> GIVEN INFORMATION
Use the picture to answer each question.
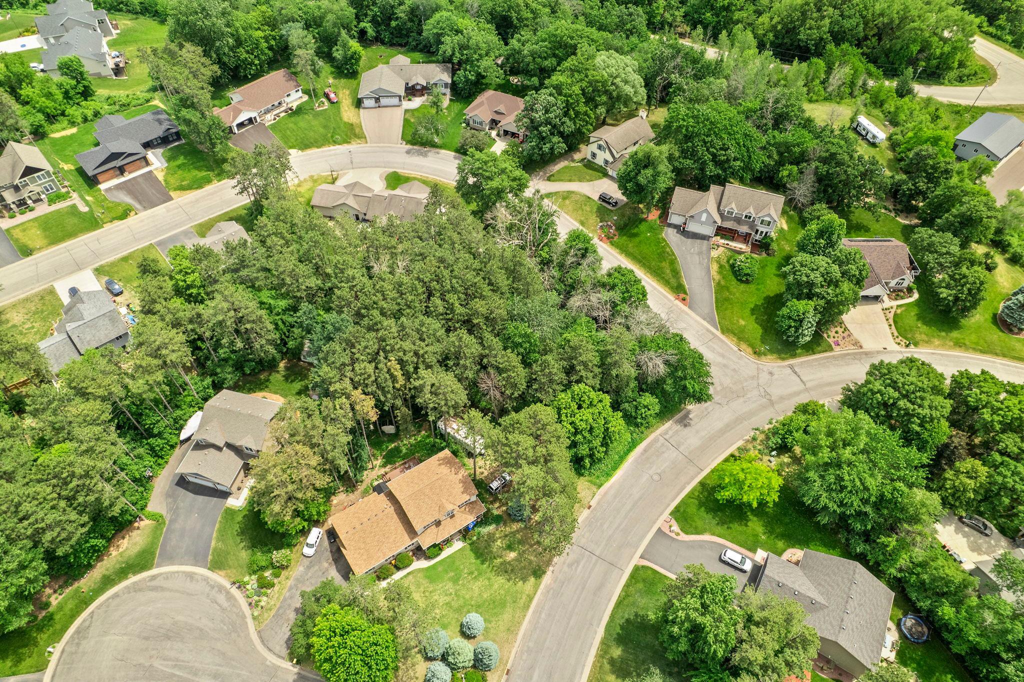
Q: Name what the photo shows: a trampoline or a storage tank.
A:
trampoline
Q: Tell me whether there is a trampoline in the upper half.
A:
No
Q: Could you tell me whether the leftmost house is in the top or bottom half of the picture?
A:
top
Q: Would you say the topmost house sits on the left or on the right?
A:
left
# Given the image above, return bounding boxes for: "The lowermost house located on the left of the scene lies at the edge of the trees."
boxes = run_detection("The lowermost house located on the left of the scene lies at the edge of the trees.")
[329,452,487,575]
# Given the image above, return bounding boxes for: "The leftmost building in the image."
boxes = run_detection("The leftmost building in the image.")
[0,143,62,213]
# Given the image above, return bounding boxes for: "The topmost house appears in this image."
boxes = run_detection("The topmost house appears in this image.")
[35,0,122,49]
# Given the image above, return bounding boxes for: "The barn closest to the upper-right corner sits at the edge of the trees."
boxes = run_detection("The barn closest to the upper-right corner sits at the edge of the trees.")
[951,114,1024,174]
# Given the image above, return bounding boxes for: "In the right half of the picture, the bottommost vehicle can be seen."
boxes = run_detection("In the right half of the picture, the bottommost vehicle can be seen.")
[719,549,752,574]
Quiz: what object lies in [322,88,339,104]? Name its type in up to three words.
vehicle
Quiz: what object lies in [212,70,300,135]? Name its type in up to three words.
house
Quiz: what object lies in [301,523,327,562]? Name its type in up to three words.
car
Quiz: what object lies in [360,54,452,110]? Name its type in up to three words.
house
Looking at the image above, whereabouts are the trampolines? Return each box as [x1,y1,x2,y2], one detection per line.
[897,609,938,646]
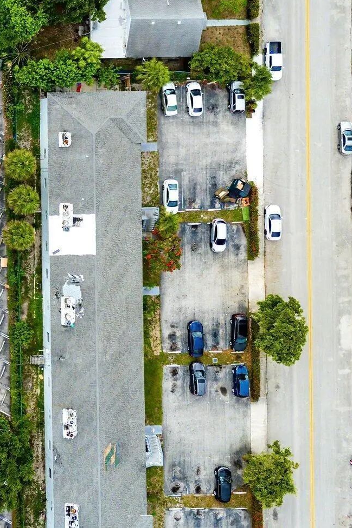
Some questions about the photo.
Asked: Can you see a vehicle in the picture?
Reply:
Yes
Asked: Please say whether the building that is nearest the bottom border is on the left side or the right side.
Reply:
left
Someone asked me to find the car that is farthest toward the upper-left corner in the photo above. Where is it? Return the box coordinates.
[160,81,178,117]
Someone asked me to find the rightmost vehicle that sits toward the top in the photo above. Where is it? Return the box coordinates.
[335,121,352,156]
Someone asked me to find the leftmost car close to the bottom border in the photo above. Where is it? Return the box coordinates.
[212,465,232,502]
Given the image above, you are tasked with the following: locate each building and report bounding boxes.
[37,90,163,528]
[84,0,212,59]
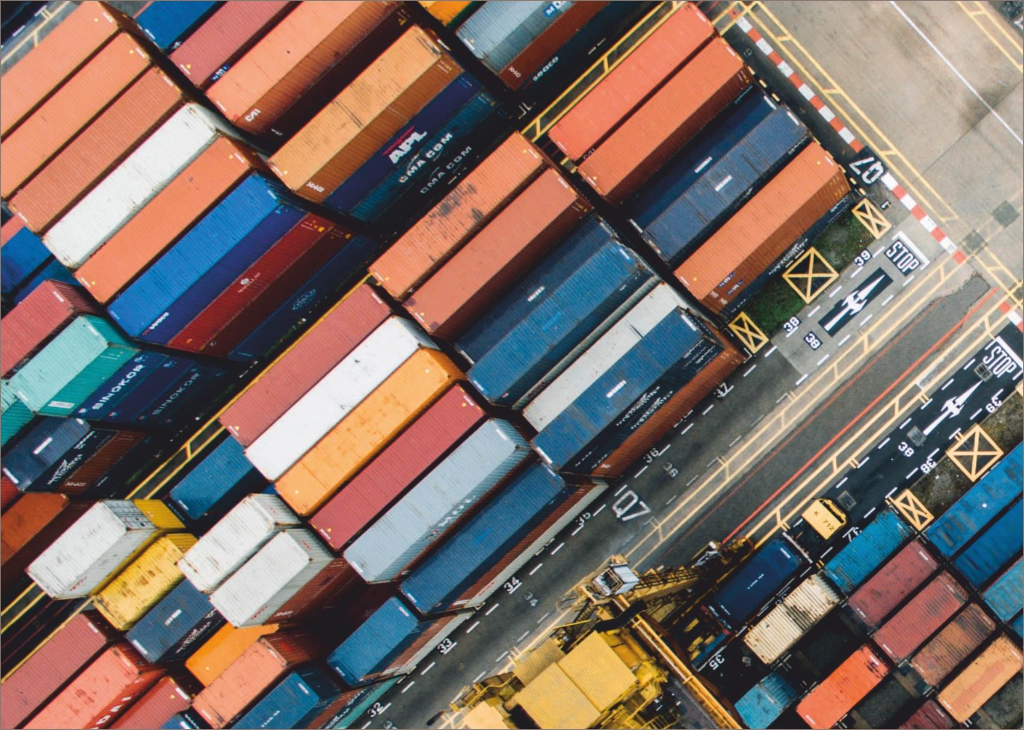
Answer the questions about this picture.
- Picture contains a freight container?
Yes
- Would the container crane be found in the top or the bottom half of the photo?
bottom
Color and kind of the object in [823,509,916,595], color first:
blue shipping container
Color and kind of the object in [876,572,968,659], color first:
red shipping container
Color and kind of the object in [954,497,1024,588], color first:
blue shipping container
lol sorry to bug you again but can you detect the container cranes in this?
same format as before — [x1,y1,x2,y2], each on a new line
[439,537,757,730]
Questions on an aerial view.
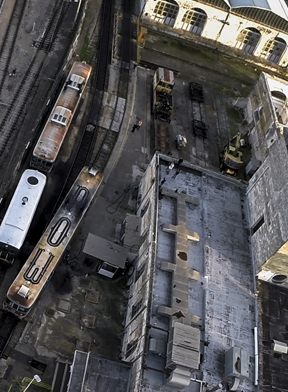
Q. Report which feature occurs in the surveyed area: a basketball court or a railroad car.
railroad car
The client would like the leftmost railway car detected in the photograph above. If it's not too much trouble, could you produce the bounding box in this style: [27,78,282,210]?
[0,171,46,271]
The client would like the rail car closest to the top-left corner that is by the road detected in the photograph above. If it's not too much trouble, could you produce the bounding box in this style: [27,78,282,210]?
[28,62,94,177]
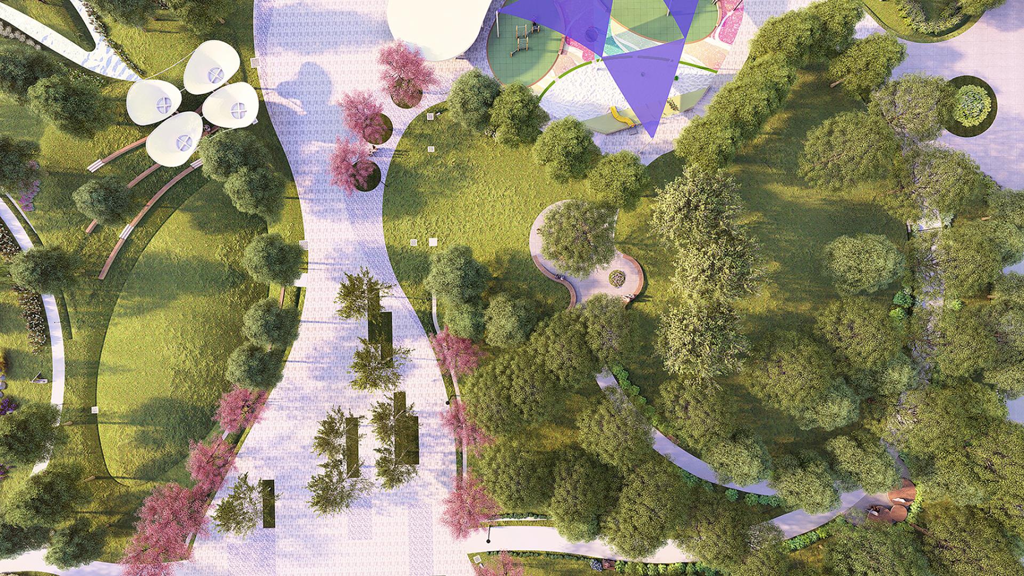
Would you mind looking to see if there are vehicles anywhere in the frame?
No
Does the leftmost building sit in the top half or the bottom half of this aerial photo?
top
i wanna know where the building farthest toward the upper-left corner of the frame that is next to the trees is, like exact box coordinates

> TASK TO COMPLETE
Except for the pictures, return every line of the material exactly.

> OUTPUT
Use the picture to answer each question.
Q: Name what the photo shows: a trampoline or a storage tank.
A:
trampoline
Q: Tell me whether there is a trampoline in the upper half.
A:
No
Q: Could you tell me whether the leftmost house is in the top or bottom half of the picture?
A:
top
Q: Would you say the topmost house sits on the left or on the right?
A:
left
# Given the image above, return bounding boxes for: "The lowermost house located on the left of the scene lies at the edge of the trees."
boxes = run_detection("The lowermost house located on the left of the scene lies at the edge of the trees.")
[329,452,487,575]
# Given the image above, return bounding boxes for: "The leftmost building in the image."
boxes = run_detection("The leftmost building in the image.")
[0,143,62,213]
# Given the image above, return bounding boxes for: "The topmost house appears in this image."
boxes = run_detection("The topmost house appears in this image.")
[35,0,122,49]
# Given the image above, return bounding boxes for: "The barn closest to the upper-right corner sits at the edge of the trees."
boxes = run_detection("The barn closest to the upper-right corner sits at the edge of the trees.")
[951,114,1024,174]
# Given the image above, return bounding boxes for: "In the right half of the picture, the bottommost vehicle can be seen."
boxes = run_detection("In the right half of the picture, the bottommost vehicle can be seen.")
[719,549,752,574]
Quiz: what object lies in [322,88,339,104]? Name its type in up to three words.
vehicle
Quiz: what object lies in [212,70,300,135]? Name its type in up to three words.
house
Quiz: what object lies in [301,523,327,562]? Name its type in up to three words.
car
Quiz: what object lies in [360,54,452,110]? Name its type in up to three words.
house
Looking at the image above, whereabouts are the trampolines? Return each box as [x1,y1,x2,y2], one detection per line.
[897,609,938,646]
Some questions about the photo.
Asked: Can you see a vehicle in the picture?
Reply:
Yes
Asked: Please say whether the building that is nearest the bottom border is on the left side or the right side.
Reply:
left
Someone asked me to find the car that is farthest toward the upper-left corner in the photo above. Where is it? Return the box coordinates.
[160,81,178,117]
Someone asked me to find the rightmost vehicle that sits toward the top in the photo above. Where is it? Return the box coordinates.
[335,121,352,156]
Someone asked me to find the leftmost car close to the bottom border in the photo above. Where is it? Return the box coordinates.
[212,465,232,502]
Given the image above, you are tasked with the following: locate each building and report bounding boxes.
[37,90,163,528]
[84,0,212,59]
Answer the questions about this picture.
- Picture contains a freight container?
Yes
- Would the container crane be found in the top or the bottom half of the photo?
bottom
Color and kind of the object in [823,509,916,595], color first:
blue shipping container
Color and kind of the object in [876,572,968,659], color first:
red shipping container
Color and kind of the object in [954,497,1024,588], color first:
blue shipping container
lol sorry to bug you again but can you detect the container cranes in this?
same format as before — [x1,y1,x2,y2], each on a new line
[439,537,757,730]
Questions on an aerial view.
Q. Report which feature occurs in the surveyed area: a basketball court or a railroad car.
railroad car
The client would like the leftmost railway car detected in the photograph above. If it's not too much trouble, could you produce the bounding box in this style: [27,78,282,210]?
[0,171,46,271]
The client would like the rail car closest to the top-left corner that is by the road detected in the photograph above. If it's not too much trouble, could you produce the bounding box in this style: [27,78,282,210]?
[28,62,94,177]
Would you mind looking to see if there are vehicles anywhere in the frame?
No
Does the leftmost building sit in the top half or the bottom half of this aerial photo?
top
i wanna know where the building farthest toward the upper-left corner of the frame that is next to the trees is, like exact box coordinates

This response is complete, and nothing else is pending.